Source records:
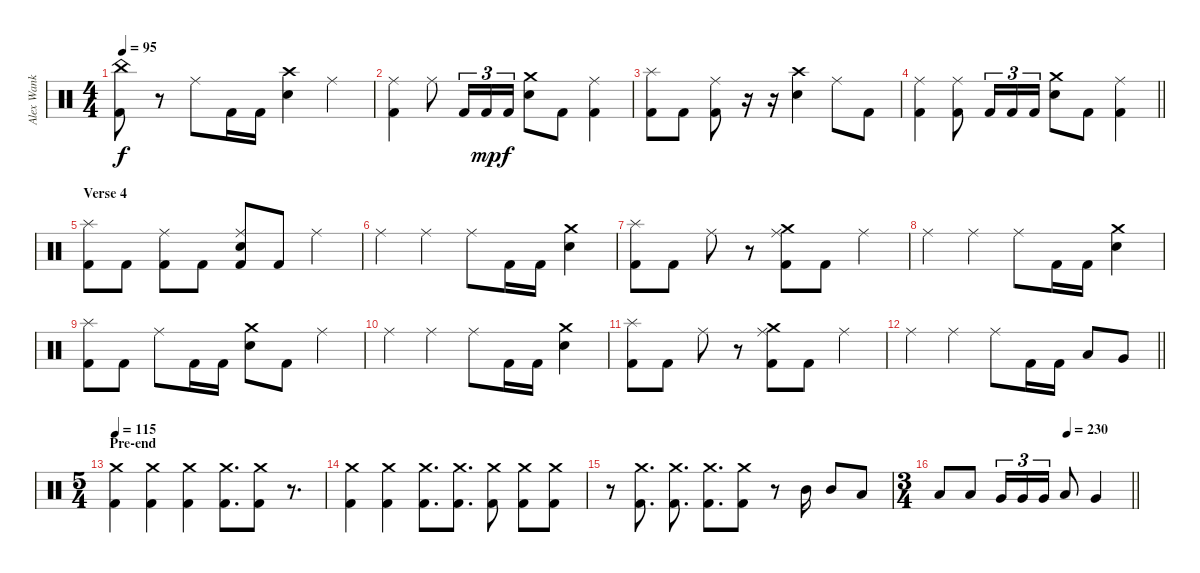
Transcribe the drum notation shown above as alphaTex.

\track ("Alex Wank" "Alex Wank") {instrument percussion}
\staff {score}
\articulation defaults
\ts (4 4)
\tempo 95
\clef neutral
\ks c
("Kick (hit) 2" "China (hit)").8{dy f} r.8 "Ride (middle)".8 "Kick (hit) 2".16 "Kick (hit) 2".16 ("Crash high (hit)" "Snare (hit) 2").4 "Ride (middle)".4 |
("Kick (hit) 2" "Ride (middle)").4 "Ride (middle)".8 "Kick (hit) 2".16{tu (3 2)} "Kick (hit) 2".16{tu (3 2) dy mp} "Kick (hit) 2".16{tu (3 2) dy f} ("Crash medium (hit)" "Snare (hit) 2").8 "Kick (hit) 2".8 ("Kick (hit) 2" "Ride (middle)").4 |
("Kick (hit) 2" "Splash (hit)").8 "Kick (hit) 2".8 ("Kick (hit) 2" "Ride (middle)").8 r.16 r.16 ("Crash high (hit)" "Snare (hit) 2").4 "Ride (middle)".8 "Kick (hit) 2".8 |
\barLineRight lightlight
("Kick (hit) 2" "Ride (middle)").4 ("Kick (hit) 2" "Ride (middle)").8 "Kick (hit) 2".16{tu (3 2)} "Kick (hit) 2".16{tu (3 2)} "Kick (hit) 2".16{tu (3 2)} ("Crash medium (hit)" "Snare (hit) 2").8 "Kick (hit) 2".8 ("Kick (hit) 2" "Ride (middle)").4 |
\section ("" "Verse 4")
("Kick (hit) 2" "Splash (hit)").8 "Kick (hit) 2".8 ("Kick (hit) 2" "Ride (middle)").8 "Kick (hit) 2".8 ("Kick (hit) 2" "Ride (middle)" "Snare (hit) 2").8 "Kick (hit) 2".8 "Ride (middle)".4 |
"Ride (middle)".4 "Ride (middle)".4 "Ride (middle)".8 "Kick (hit) 2".16 "Kick (hit) 2".16 ("Crash medium (hit)" "Snare (hit) 2").4 |
("Kick (hit) 2" "Splash (hit)").8 "Kick (hit) 2".8 "Ride (middle)".8 r.8 ("Kick (hit) 2" "Crash medium (hit)" "Ride (middle)").8 "Kick (hit) 2".8 "Ride (middle)".4 |
"Ride (middle)".4 "Ride (middle)".4 "Ride (middle)".8 "Kick (hit) 2".16 "Kick (hit) 2".16 ("Crash medium (hit)" "Snare (hit) 2").4 |
("Kick (hit) 2" "Splash (hit)").8 "Kick (hit) 2".8 "Ride (middle)".8 "Kick (hit) 2".16 "Kick (hit) 2".16 ("Crash medium (hit)" "Snare (hit) 2").8 "Kick (hit) 2".8 "Ride (middle)".4 |
"Ride (middle)".4 "Ride (middle)".4 "Ride (middle)".8 "Kick (hit) 2".16 "Kick (hit) 2".16 ("Crash medium (hit)" "Snare (hit) 2").4 |
("Kick (hit) 2" "Splash (hit)").8 "Kick (hit) 2".8 "Ride (middle)".8 r.8 ("Kick (hit) 2" "Crash medium (hit)" "Ride (middle)").8 "Kick (hit) 2".8 "Ride (middle)".4 |
\barLineRight lightlight "Ride (middle)".4 "Ride (middle)".4 "Ride (middle)".8 "Kick (hit) 2".16 "Kick (hit) 2".16 "Low Tom (hit)".8 "Very Low Tom (hit)".8
|
\ts (5 4)
\section ("" "Pre-end")
\tempo 115
("Kick (hit) 2" "Crash medium (hit)").4 ("Kick (hit) 2" "Crash medium (hit)").4 ("Kick (hit) 2" "Crash medium (hit)").4 ("Kick (hit) 2" "Crash medium (hit)").8{d} ("Kick (hit) 2" "Crash medium (hit)").8 r.8{d} |
("Kick (hit) 2" "Crash medium (hit)").4 ("Kick (hit) 2" "Crash medium (hit)").4 ("Kick (hit) 2" "Crash medium (hit)").8{d} ("Kick (hit) 2" "Crash medium (hit)").8{d} ("Kick (hit) 2" "Crash medium (hit)").8 ("Kick (hit) 2" "Crash medium (hit)").8 ("Kick (hit) 2" "Crash medium (hit)").8 |
r.8 ("Kick (hit) 2" "Crash medium (hit)").8{d} ("Kick (hit) 2" "Crash medium (hit)").8{d} ("Kick (hit) 2" "Crash medium (hit)").8{d} ("Kick (hit) 2" "Crash medium (hit)").8 r.8 "Mid Tom (hit)".16 "Mid Tom (hit)".8 "Low Tom (hit)".8 |
\ts (3 4)
\tempo (230 0.6666666666666666)
\barLineRight lightlight "Low Tom (hit)".8 "Low Tom (hit)".8 "Very Low Tom (hit)".16{tu (3 2)} "Very Low Tom (hit)".16{tu (3 2)} "Very Low Tom (hit)".16{tu (3 2)} "Low Floor Tom (hit)".8 "Very Low Tom (hit)".4
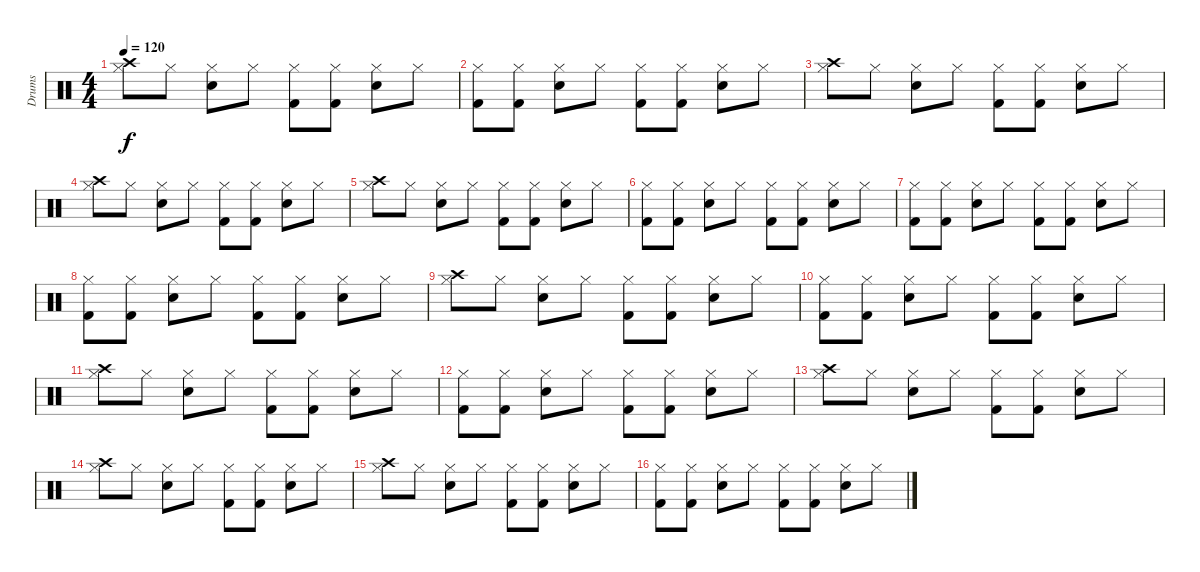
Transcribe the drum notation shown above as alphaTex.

\track ("Drums" "Drums") {instrument percussion}
\staff {score}
\articulation defaults
\ts (4 4)
\tempo 120
\clef neutral
\ks c
("Crash high (hit)" "Hi-Hat (closed)").8{dy f} "Hi-Hat (closed)".8 ("Hi-Hat (closed)" "Snare (hit) 2").8 "Hi-Hat (closed)".8 ("Hi-Hat (closed)" "Kick (hit) 2").8 ("Hi-Hat (closed)" "Kick (hit) 2").8 ("Hi-Hat (closed)" "Snare (hit) 2").8 "Hi-Hat (closed)".8 |
("Hi-Hat (closed)" "Kick (hit) 2").8 ("Hi-Hat (closed)" "Kick (hit) 2").8 ("Hi-Hat (closed)" "Snare (hit) 2").8 "Hi-Hat (closed)".8 ("Hi-Hat (closed)" "Kick (hit) 2").8 ("Hi-Hat (closed)" "Kick (hit) 2").8 ("Hi-Hat (closed)" "Snare (hit) 2").8 "Hi-Hat (closed)".8 |
("Crash high (hit)" "Hi-Hat (closed)").8 "Hi-Hat (closed)".8 ("Hi-Hat (closed)" "Snare (hit) 2").8 "Hi-Hat (closed)".8 ("Hi-Hat (closed)" "Kick (hit) 2").8 ("Hi-Hat (closed)" "Kick (hit) 2").8 ("Hi-Hat (closed)" "Snare (hit) 2").8 "Hi-Hat (closed)".8 |
("Crash high (hit)" "Hi-Hat (closed)").8 "Hi-Hat (closed)".8 ("Hi-Hat (closed)" "Snare (hit) 2").8 "Hi-Hat (closed)".8 ("Hi-Hat (closed)" "Kick (hit) 2").8 ("Hi-Hat (closed)" "Kick (hit) 2").8 ("Hi-Hat (closed)" "Snare (hit) 2").8 "Hi-Hat (closed)".8 |
("Crash high (hit)" "Hi-Hat (closed)").8 "Hi-Hat (closed)".8 ("Hi-Hat (closed)" "Snare (hit) 2").8 "Hi-Hat (closed)".8 ("Hi-Hat (closed)" "Kick (hit) 2").8 ("Hi-Hat (closed)" "Kick (hit) 2").8 ("Hi-Hat (closed)" "Snare (hit) 2").8 "Hi-Hat (closed)".8 |
("Hi-Hat (closed)" "Kick (hit) 2").8 ("Hi-Hat (closed)" "Kick (hit) 2").8 ("Hi-Hat (closed)" "Snare (hit) 2").8 "Hi-Hat (closed)".8 ("Hi-Hat (closed)" "Kick (hit) 2").8 ("Hi-Hat (closed)" "Kick (hit) 2").8 ("Hi-Hat (closed)" "Snare (hit) 2").8 "Hi-Hat (closed)".8 |
("Hi-Hat (closed)" "Kick (hit) 2").8 ("Hi-Hat (closed)" "Kick (hit) 2").8 ("Hi-Hat (closed)" "Snare (hit) 2").8 "Hi-Hat (closed)".8 ("Hi-Hat (closed)" "Kick (hit) 2").8 ("Hi-Hat (closed)" "Kick (hit) 2").8 ("Hi-Hat (closed)" "Snare (hit) 2").8 "Hi-Hat (closed)".8 |
("Hi-Hat (closed)" "Kick (hit) 2").8 ("Hi-Hat (closed)" "Kick (hit) 2").8 ("Hi-Hat (closed)" "Snare (hit) 2").8 "Hi-Hat (closed)".8 ("Hi-Hat (closed)" "Kick (hit) 2").8 ("Hi-Hat (closed)" "Kick (hit) 2").8 ("Hi-Hat (closed)" "Snare (hit) 2").8 "Hi-Hat (closed)".8 |
("Crash high (hit)" "Hi-Hat (closed)").8 "Hi-Hat (closed)".8 ("Hi-Hat (closed)" "Snare (hit) 2").8 "Hi-Hat (closed)".8 ("Hi-Hat (closed)" "Kick (hit) 2").8 ("Hi-Hat (closed)" "Kick (hit) 2").8 ("Hi-Hat (closed)" "Snare (hit) 2").8 "Hi-Hat (closed)".8 |
("Hi-Hat (closed)" "Kick (hit) 2").8 ("Hi-Hat (closed)" "Kick (hit) 2").8 ("Hi-Hat (closed)" "Snare (hit) 2").8 "Hi-Hat (closed)".8 ("Hi-Hat (closed)" "Kick (hit) 2").8 ("Hi-Hat (closed)" "Kick (hit) 2").8 ("Hi-Hat (closed)" "Snare (hit) 2").8 "Hi-Hat (closed)".8 |
("Crash high (hit)" "Hi-Hat (closed)").8 "Hi-Hat (closed)".8 ("Hi-Hat (closed)" "Snare (hit) 2").8 "Hi-Hat (closed)".8 ("Hi-Hat (closed)" "Kick (hit) 2").8 ("Hi-Hat (closed)" "Kick (hit) 2").8 ("Hi-Hat (closed)" "Snare (hit) 2").8 "Hi-Hat (closed)".8 |
("Hi-Hat (closed)" "Kick (hit) 2").8 ("Hi-Hat (closed)" "Kick (hit) 2").8 ("Hi-Hat (closed)" "Snare (hit) 2").8 "Hi-Hat (closed)".8 ("Hi-Hat (closed)" "Kick (hit) 2").8 ("Hi-Hat (closed)" "Kick (hit) 2").8 ("Hi-Hat (closed)" "Snare (hit) 2").8 "Hi-Hat (closed)".8 |
("Crash high (hit)" "Hi-Hat (closed)").8 "Hi-Hat (closed)".8 ("Hi-Hat (closed)" "Snare (hit) 2").8 "Hi-Hat (closed)".8 ("Hi-Hat (closed)" "Kick (hit) 2").8 ("Hi-Hat (closed)" "Kick (hit) 2").8 ("Hi-Hat (closed)" "Snare (hit) 2").8 "Hi-Hat (closed)".8 |
("Crash high (hit)" "Hi-Hat (closed)").8 "Hi-Hat (closed)".8 ("Hi-Hat (closed)" "Snare (hit) 2").8 "Hi-Hat (closed)".8 ("Hi-Hat (closed)" "Kick (hit) 2").8 ("Hi-Hat (closed)" "Kick (hit) 2").8 ("Hi-Hat (closed)" "Snare (hit) 2").8 "Hi-Hat (closed)".8 |
("Crash high (hit)" "Hi-Hat (closed)").8 "Hi-Hat (closed)".8 ("Hi-Hat (closed)" "Snare (hit) 2").8 "Hi-Hat (closed)".8 ("Hi-Hat (closed)" "Kick (hit) 2").8 ("Hi-Hat (closed)" "Kick (hit) 2").8 ("Hi-Hat (closed)" "Snare (hit) 2").8 "Hi-Hat (closed)".8 |
("Hi-Hat (closed)" "Kick (hit) 2").8 ("Hi-Hat (closed)" "Kick (hit) 2").8 ("Hi-Hat (closed)" "Snare (hit) 2").8 "Hi-Hat (closed)".8 ("Hi-Hat (closed)" "Kick (hit) 2").8 ("Hi-Hat (closed)" "Kick (hit) 2").8 ("Hi-Hat (closed)" "Snare (hit) 2").8 "Hi-Hat (closed)".8

◆ Exercise brief: Wherever a line in the entries holds "instrument", copy that line.

◆ Written response:
\track ("Alex Wank" "Alex Wank") {instrument percussion}
\track ("Drums" "Drums") {instrument percussion}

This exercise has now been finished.